Under this court’s local rules, any party who objects to a Report and
Recommendation must file a written objection with the Clerk of the Court within 14
days of the party’s receipt of the Report and Recommendation. LCvR 72.3(b). As of
this date—over a month after the Report and Recommendation was issued—no
objections have been filed.
The Court has reviewed Magistrate Judge Robinson’s report and will ADOPT
the Report and Recommendation in its entirety. Accordingly, the Court will DENY
2
Plaintiff’s motion for summary judgment and GRANT Defendant’s motion for summary
judgment. A separate order consistent with this opinion will follow.

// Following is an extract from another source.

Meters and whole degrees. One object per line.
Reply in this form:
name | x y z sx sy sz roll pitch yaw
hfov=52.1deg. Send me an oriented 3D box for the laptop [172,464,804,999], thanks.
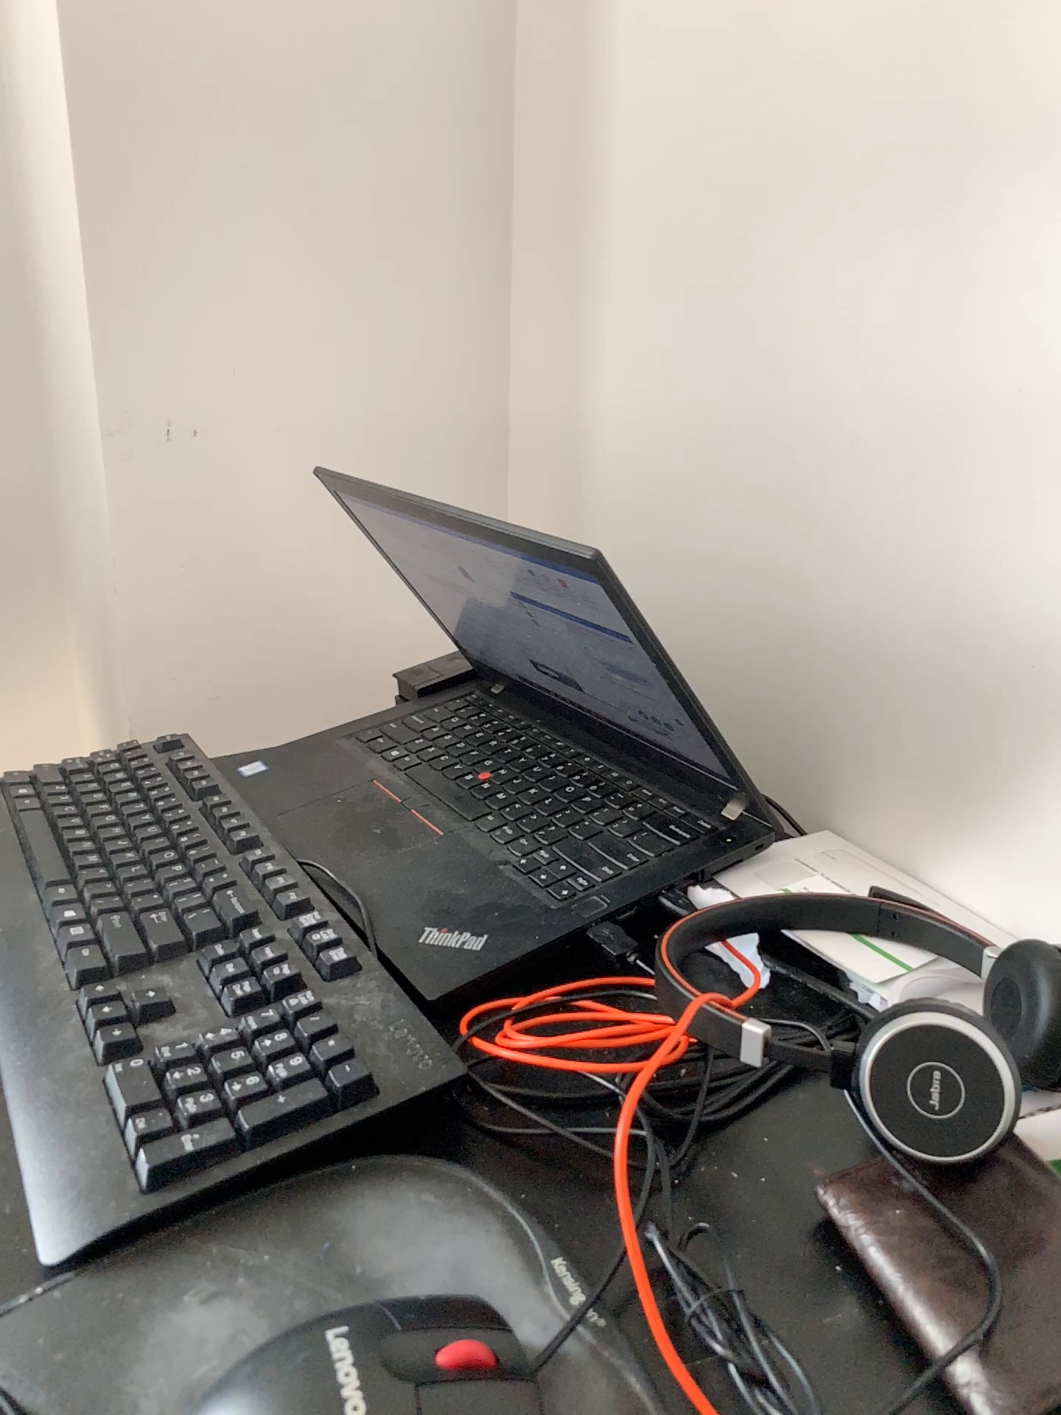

DATE: January 24, 2014 Ketanji Brown Jackson
KETANJI BROWN JACKSON
United States District Judge
3
APPENDIX A
Case 1:13-cv-00098-KBJ-DAR Document 21 Filed 12/23/13 Page 1 of 17
UNITED STATES DISTRICT COURT
FOR THE DISTRICT OF COLUMBIA
CHANTEL WARD,
Plaintiff,
Civil Action No. 13-0098
v. KBJ/DAR
DISTRICT OF COLUMBIA,
Defendant.
REPORT AND RECOMMENDATION
Plaintiff Chantel Ward commenced this action against the District of Columbia, pursuant
to the Individuals with Disabilities Education Act (“IDEA”), 20 U.S.C. § 1400, et. seq., alleging
that it failed to provide her with an appropriate educational placement, and seeking reversal of an
administrative hearing officer determination that denied her request for relief. Amended
Complaint for Declaratory Judgment & Inju[n]ctive and Other Relief (“Amended Complaint”)
(Document No. 9).1 This action was referred to the undersigned United States Magistrate Judge
for full case management, including a report and recommendation on dispositive motions.
Referral to Magistrate Judge Order (Document No. 3). Pending for consideration by the
undersigned are Plaintiff[’s] Motion for Summary Judgment (Document No. 13) and Defendant’s
Cross-Motion for Summary Judgment (Document No. 15). Upon consideration of the parties’
motions, the memoranda in support thereof and opposition thereto, the administrative record and
1
Plaintiff originally filed her Complaint for Declaratory Judgment & Inju[n]ctive and Other Relief
(Document No. 1) on January 23, 2013; however, at the initial scheduling conference, the undersigned ordered that
she file an amended complaint to correct a typographical error in the request for relief, see Scheduling Order
(Document No. 10).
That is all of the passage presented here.